Solar System and Planetary Science

The NRAO facilities worked in concert with deep space probes and other ground-based facilities to study the physics and chemistry of objects in the Solar System.

Oort-cloud comet C/2014 UN271 (Bernardinelli-Bernstein) was discovered at ~29 AU from the Sun (Lellouch et al. 2022 A&A 659, 1L), developing cometary activity early with a brightness suggesting a large size.  ALMA detected thermal emission when the comet was at 20 AU distance from the Sun, from which a surface-equivalent diameter of 137 km is calculated.  It is thus the largest Oort-cloud object ever found, (almost twice as large as comet C/1995 O1 Hale-Bopp) and has a normal cometary albedo.  Detection of gases is expected in the upcoming years as the comet heads toward a perihelion of 11 AU in 2031.
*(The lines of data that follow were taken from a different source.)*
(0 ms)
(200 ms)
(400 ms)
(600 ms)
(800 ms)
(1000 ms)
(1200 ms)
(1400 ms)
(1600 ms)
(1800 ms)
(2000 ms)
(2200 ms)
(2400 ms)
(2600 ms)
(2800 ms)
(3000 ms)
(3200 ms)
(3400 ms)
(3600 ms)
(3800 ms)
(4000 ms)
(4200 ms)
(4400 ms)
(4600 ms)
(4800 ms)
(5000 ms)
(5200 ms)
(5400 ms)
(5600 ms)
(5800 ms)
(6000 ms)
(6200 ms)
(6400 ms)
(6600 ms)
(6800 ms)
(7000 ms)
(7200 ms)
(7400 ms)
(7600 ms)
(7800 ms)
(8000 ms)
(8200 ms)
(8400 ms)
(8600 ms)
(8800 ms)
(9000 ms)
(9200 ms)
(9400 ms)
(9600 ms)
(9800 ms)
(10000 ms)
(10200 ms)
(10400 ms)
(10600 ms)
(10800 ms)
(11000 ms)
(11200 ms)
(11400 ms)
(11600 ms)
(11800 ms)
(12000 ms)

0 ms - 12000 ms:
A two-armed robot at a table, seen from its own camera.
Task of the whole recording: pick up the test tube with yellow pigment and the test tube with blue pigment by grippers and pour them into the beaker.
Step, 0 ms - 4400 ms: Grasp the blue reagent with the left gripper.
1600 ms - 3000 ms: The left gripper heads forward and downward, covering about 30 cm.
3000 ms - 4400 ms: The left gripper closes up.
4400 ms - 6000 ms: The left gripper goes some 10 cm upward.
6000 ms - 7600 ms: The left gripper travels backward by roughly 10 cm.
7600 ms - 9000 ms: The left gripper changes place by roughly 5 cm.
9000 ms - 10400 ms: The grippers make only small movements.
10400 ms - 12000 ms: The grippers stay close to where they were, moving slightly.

Figure 3. Solar disk images at 1700Å with the Atmospheric Imaging Assembly, and at 0.85mm with ALMA (Allisandrakis et al. 2022, A and A, 661, L4).

Allisandrakis et al. (2022, A & A, 661, L4) present the first full-disk Solar images (Figure 3) obtained with ALMA, using Band 7 (0.86 mm; 347 GHz). The results show a disk practically devoid of active regions at their 21" resolution. Solar structures on the disk are similar to those in Atmospheric Imaging Assembly images at 1600 Å and 304 Å; they are also similar to negative Hα images of equivalent resolution. Small plage regions are about 900K brighter than their surroundings, while the polar coronal holes and small Ha filaments are not detectable. The authors deduced a brightness temperature at the center of the disk of 6085 K at 0.85mm, rather than the 5500 K extrapolated from images at 3mm and 1.3mm, an indication that at 0.85mm we are approaching the temperature minimum.
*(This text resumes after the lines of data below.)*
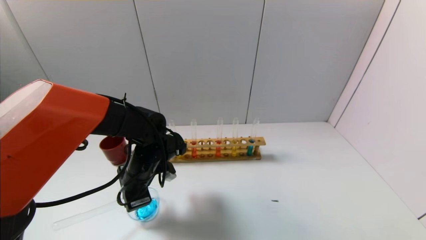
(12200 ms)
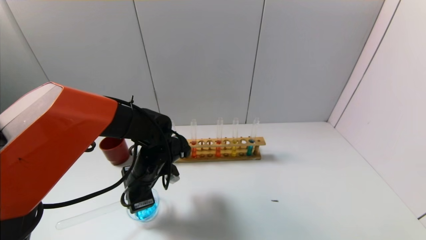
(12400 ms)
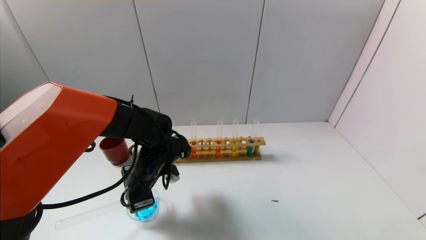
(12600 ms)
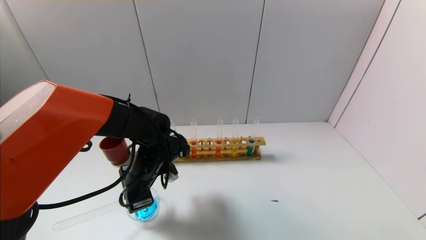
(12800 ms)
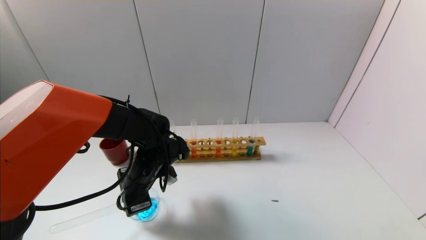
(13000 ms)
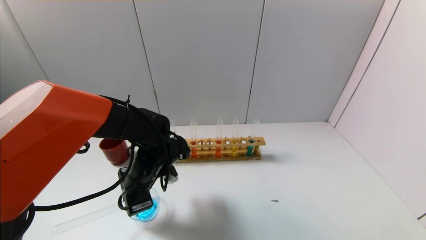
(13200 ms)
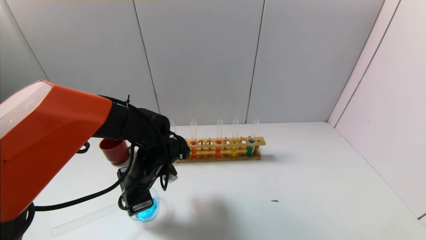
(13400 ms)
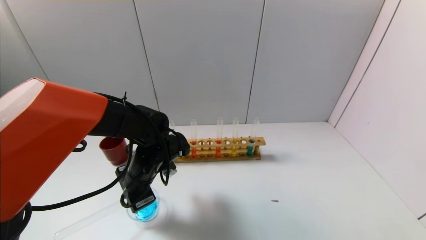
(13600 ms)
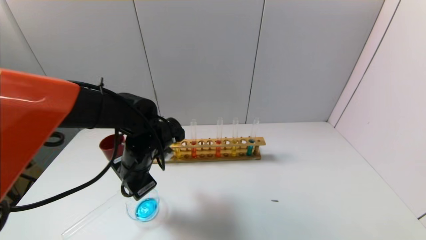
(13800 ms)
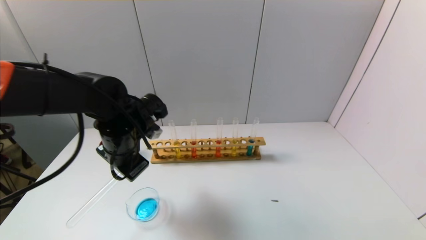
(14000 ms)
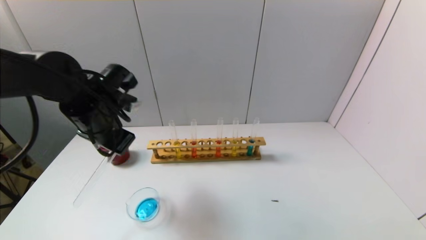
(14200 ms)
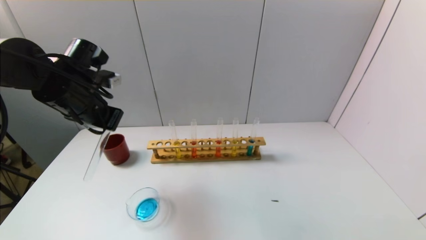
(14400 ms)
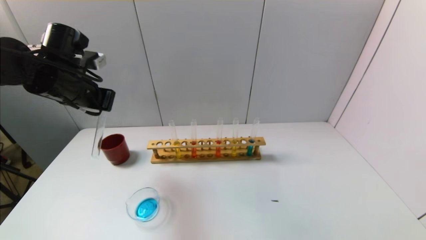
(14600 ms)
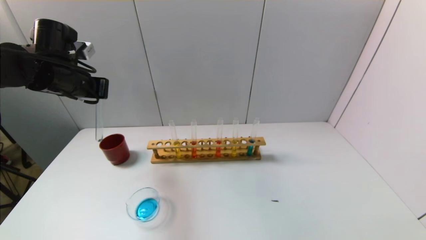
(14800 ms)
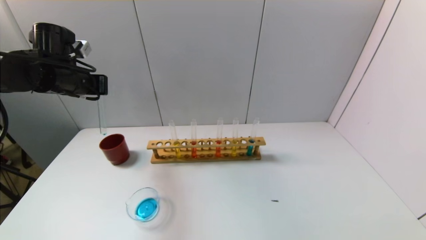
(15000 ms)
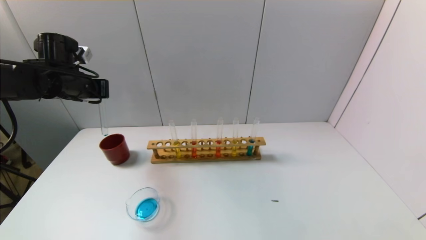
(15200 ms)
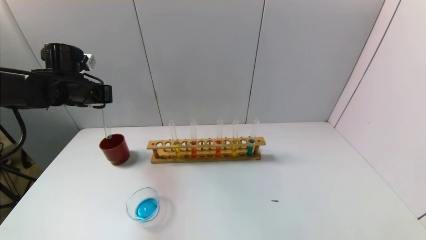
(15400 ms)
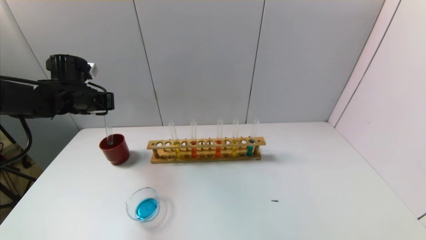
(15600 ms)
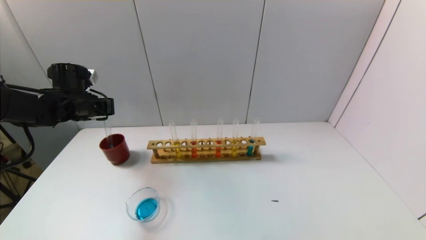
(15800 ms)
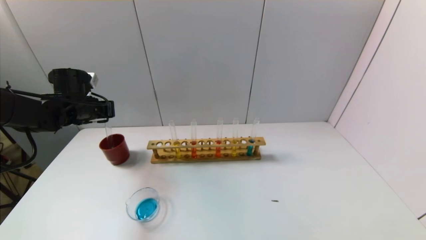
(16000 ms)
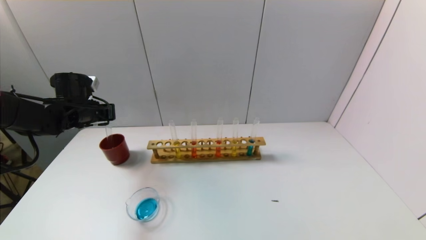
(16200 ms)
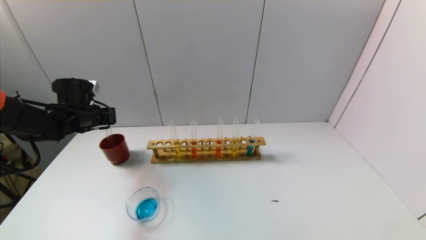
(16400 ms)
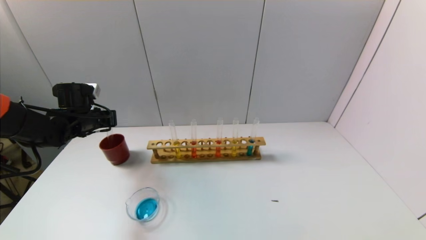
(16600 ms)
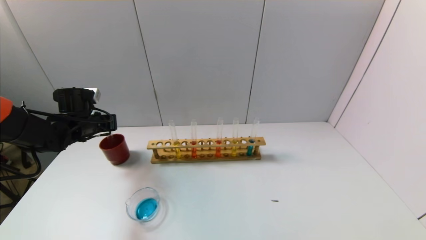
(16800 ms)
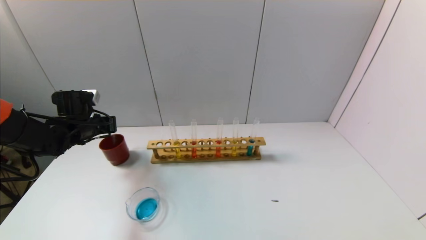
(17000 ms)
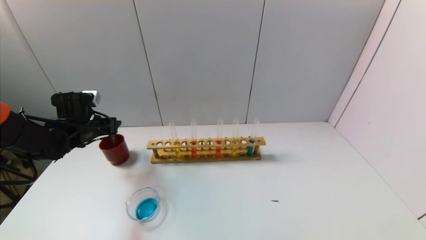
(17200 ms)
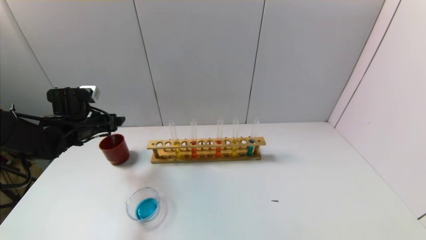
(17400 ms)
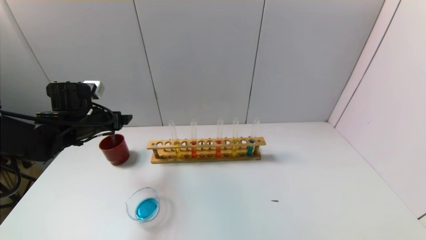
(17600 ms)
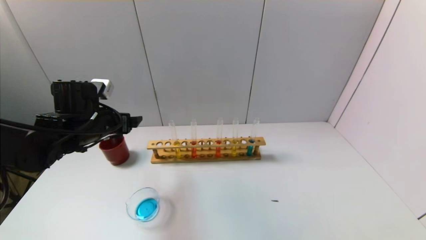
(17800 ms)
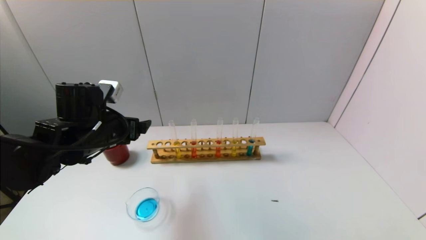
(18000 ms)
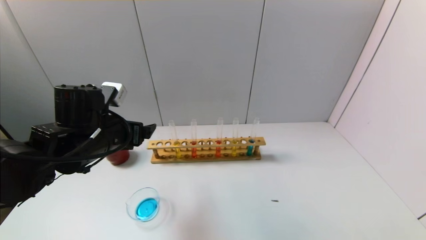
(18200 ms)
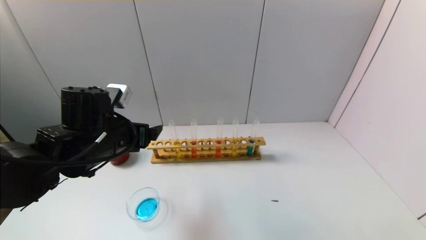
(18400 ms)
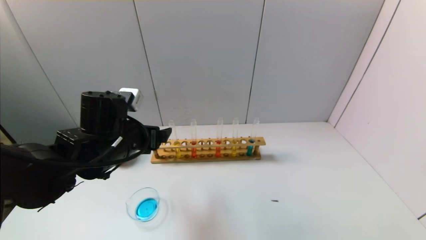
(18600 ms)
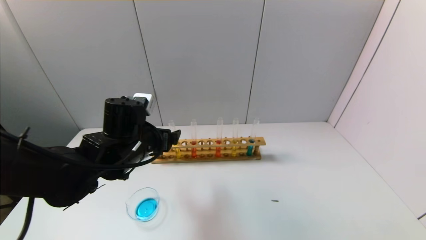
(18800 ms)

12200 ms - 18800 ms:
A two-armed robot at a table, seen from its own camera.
Task of the whole recording: pick up the test tube with yellow pigment and the test tube with blue pigment by grippers and pour them into the beaker.
Step, 13600 ms - 17600 ms: Place the test tube into the brown cup with the left gripper.
13800 ms - 15400 ms: The left gripper goes roughly 20 cm to the left, forward and upward.
15400 ms - 17200 ms: The left gripper shifts about 10 cm downward, and opens.
17200 ms - 18800 ms: The left gripper goes some 20 cm to the right and backward.

With the ever-increasing number of known exoplanets, many in the habitable zone, understanding the effects of stellar activity (exospace weather), on the potential development of life has become paramount. ALMA, working in concert with a multi-wavelength arsenal of space and ground-based telescopes, has measured the faintest flare to date on the nearby (1.2pc distance) M dwarf star, Proxima Centauri, which hosts a planet in the habitable zone (Howard et al. 2022). The X-ray flare is well within the luminosity range of typical flares on the Sun, while the millimeter emission is two orders of magnitude stronger than typical Solar flares. The findings provide more evidence that millimeter emission is a common feature in weak exo-stellar flares, rising and falling in timescales of seconds. The implied temperature for the corona is 1.1x10⁷ K.